== What to produce ==
Find the word "photographic" in the data below and copy each line that holds it.
-- Data provided follows --
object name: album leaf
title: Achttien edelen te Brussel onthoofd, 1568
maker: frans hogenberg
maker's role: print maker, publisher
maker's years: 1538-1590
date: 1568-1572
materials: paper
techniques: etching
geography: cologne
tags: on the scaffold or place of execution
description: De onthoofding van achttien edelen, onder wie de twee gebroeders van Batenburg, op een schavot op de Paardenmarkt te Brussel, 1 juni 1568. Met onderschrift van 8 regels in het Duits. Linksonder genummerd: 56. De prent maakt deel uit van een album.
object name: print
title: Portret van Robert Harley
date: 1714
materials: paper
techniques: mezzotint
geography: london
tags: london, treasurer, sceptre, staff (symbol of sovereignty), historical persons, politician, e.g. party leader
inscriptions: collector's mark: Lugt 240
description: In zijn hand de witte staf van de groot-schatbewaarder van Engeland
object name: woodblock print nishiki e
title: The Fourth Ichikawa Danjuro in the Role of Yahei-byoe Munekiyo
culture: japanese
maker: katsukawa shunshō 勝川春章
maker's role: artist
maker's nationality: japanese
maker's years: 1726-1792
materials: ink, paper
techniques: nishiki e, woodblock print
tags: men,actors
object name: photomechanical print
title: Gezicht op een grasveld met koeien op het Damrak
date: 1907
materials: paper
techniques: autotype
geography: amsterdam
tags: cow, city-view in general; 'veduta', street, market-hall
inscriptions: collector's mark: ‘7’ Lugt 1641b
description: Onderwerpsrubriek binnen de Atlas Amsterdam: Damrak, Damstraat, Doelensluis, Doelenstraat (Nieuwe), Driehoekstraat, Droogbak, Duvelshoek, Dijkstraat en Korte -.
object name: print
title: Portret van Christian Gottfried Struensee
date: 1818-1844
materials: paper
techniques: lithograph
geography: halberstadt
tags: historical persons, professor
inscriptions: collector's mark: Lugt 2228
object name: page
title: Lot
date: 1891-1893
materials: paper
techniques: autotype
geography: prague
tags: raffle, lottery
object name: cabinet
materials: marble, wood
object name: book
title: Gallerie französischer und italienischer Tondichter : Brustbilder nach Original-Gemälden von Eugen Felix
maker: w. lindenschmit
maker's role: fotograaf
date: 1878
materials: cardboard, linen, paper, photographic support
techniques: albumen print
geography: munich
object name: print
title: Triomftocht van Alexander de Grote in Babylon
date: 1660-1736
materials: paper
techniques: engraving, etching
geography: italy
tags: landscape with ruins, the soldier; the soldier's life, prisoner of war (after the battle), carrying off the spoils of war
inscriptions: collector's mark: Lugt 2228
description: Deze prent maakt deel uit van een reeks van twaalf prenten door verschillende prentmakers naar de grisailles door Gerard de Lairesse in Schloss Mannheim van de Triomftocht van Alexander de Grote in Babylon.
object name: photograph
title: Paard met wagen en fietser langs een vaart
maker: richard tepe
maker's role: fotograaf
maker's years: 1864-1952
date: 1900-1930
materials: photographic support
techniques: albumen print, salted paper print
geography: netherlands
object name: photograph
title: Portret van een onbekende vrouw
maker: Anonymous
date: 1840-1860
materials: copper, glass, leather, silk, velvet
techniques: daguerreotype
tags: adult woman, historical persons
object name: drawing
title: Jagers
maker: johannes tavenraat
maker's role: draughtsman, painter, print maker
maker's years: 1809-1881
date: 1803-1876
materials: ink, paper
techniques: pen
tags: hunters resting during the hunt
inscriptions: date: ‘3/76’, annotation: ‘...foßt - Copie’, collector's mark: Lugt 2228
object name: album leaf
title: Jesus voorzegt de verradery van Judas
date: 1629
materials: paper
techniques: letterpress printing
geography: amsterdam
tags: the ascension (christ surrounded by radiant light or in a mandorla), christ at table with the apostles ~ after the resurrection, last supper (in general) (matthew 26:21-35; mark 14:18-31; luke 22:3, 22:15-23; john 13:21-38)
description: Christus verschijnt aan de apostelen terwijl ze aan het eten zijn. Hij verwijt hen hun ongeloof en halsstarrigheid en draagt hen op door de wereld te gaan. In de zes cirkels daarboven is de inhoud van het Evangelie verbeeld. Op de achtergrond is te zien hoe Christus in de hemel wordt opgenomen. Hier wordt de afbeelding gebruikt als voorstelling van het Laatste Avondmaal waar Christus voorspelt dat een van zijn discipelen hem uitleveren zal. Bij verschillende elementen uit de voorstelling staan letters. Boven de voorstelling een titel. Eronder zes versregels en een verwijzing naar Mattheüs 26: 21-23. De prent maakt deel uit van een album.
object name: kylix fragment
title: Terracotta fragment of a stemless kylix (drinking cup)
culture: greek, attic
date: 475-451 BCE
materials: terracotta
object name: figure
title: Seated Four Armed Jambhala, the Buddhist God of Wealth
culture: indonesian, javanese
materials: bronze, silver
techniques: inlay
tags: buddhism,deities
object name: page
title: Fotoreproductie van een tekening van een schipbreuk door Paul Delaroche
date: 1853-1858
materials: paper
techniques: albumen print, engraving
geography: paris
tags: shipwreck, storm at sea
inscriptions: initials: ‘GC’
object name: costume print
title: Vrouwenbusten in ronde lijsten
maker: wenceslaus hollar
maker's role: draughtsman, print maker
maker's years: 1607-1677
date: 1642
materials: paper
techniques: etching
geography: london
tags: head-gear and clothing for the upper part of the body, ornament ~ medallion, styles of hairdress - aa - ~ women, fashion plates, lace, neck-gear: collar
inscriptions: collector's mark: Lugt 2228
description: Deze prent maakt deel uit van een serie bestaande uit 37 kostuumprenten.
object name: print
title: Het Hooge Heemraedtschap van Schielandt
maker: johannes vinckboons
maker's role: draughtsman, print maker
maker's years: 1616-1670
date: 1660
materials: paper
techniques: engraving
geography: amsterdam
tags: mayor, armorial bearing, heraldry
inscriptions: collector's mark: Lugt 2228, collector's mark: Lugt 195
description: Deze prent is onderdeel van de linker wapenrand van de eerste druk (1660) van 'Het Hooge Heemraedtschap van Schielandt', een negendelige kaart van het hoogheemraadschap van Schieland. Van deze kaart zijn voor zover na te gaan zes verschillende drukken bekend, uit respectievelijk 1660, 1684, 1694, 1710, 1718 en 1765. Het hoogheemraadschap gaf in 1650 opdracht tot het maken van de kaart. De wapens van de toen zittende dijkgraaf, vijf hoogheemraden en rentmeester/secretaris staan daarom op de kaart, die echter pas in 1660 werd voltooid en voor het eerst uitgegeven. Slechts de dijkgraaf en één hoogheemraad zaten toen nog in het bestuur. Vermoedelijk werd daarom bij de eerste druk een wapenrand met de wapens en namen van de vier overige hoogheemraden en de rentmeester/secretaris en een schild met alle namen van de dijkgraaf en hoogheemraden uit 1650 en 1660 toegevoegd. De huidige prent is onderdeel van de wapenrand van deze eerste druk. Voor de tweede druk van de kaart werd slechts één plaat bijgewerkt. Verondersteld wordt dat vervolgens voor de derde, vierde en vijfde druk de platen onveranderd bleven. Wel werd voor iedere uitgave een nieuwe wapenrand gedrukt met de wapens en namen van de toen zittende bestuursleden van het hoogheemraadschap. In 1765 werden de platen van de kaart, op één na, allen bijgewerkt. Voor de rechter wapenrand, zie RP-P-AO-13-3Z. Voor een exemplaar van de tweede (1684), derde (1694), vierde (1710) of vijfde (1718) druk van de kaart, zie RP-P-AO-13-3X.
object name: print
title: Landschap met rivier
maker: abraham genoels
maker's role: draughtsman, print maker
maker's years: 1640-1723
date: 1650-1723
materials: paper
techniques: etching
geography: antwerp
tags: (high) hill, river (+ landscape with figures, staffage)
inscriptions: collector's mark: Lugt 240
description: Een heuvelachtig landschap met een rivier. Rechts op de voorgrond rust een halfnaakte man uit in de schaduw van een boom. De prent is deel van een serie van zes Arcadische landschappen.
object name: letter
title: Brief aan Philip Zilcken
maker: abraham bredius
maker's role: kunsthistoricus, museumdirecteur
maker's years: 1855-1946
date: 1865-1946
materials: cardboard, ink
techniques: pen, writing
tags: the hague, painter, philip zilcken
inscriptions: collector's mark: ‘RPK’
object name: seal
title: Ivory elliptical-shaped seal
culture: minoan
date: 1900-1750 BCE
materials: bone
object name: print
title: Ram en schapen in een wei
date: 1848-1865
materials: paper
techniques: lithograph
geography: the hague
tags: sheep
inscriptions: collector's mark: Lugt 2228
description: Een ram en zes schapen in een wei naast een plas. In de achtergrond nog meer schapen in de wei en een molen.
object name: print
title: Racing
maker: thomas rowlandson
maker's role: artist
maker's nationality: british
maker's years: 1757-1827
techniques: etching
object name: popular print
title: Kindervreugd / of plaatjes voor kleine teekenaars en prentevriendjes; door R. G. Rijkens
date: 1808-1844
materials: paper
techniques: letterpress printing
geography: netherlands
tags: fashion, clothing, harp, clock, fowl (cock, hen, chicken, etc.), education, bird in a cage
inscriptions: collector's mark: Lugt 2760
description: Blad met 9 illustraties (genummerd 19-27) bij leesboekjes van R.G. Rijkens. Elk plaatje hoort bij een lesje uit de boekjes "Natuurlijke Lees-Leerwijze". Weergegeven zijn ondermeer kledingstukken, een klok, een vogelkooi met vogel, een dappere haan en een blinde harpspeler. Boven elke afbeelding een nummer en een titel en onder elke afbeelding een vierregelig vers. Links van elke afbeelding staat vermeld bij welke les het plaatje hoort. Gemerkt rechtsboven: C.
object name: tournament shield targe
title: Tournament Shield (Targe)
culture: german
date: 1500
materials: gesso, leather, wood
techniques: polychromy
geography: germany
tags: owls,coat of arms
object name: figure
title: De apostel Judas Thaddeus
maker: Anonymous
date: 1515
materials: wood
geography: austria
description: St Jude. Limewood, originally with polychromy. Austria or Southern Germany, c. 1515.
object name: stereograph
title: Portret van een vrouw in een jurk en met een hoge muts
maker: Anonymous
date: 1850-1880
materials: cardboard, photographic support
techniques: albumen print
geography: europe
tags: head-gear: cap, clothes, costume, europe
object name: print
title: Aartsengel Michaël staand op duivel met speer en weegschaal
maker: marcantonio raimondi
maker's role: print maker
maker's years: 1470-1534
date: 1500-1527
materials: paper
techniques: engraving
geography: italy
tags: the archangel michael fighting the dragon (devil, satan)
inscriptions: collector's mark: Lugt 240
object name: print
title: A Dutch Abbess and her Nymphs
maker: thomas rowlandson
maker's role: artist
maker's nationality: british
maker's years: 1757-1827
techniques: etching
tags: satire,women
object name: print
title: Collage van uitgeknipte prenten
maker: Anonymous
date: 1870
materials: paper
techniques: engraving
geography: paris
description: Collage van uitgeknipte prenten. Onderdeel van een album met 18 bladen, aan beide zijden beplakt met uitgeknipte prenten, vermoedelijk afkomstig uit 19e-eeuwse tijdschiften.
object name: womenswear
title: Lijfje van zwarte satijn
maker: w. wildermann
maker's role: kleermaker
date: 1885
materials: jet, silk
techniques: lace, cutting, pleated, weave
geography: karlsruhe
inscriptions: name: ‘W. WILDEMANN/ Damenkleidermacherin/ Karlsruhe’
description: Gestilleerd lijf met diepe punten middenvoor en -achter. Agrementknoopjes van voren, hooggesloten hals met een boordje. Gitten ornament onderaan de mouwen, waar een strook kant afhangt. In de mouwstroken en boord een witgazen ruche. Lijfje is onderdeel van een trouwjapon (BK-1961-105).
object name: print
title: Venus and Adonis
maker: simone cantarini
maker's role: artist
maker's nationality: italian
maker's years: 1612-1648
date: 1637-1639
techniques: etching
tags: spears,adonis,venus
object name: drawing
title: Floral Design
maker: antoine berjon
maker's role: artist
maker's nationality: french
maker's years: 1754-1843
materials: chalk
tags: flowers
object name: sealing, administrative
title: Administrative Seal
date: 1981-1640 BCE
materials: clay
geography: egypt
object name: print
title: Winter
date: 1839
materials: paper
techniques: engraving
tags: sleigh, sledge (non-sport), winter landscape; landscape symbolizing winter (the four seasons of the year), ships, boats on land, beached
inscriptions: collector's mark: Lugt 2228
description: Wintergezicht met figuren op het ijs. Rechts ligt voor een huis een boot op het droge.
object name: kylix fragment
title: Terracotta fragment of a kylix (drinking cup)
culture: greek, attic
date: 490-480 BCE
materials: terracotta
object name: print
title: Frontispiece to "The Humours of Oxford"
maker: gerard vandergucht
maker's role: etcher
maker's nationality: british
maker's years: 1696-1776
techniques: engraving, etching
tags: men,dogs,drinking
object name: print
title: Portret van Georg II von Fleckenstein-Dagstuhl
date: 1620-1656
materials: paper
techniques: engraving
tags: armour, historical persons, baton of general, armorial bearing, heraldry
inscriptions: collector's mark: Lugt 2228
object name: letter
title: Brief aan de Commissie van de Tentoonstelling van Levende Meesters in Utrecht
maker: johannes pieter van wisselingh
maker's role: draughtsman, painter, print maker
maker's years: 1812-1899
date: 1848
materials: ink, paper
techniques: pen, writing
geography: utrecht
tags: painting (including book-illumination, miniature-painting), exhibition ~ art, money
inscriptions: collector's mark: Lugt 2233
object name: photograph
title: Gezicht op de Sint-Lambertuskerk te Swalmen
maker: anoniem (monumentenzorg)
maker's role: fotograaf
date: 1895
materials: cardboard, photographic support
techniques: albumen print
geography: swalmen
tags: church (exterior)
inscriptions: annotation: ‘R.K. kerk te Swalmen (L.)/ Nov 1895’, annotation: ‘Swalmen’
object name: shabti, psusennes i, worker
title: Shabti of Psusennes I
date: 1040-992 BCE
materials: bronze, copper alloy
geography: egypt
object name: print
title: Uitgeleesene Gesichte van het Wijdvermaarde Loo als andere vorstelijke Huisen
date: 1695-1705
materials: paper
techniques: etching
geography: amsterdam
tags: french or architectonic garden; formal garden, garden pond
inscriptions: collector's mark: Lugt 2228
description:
-- Data provided concluded --
== Task result ==
materials: cardboard, linen, paper, photographic support
materials: photographic support
materials: cardboard, photographic support
materials: cardboard, photographic support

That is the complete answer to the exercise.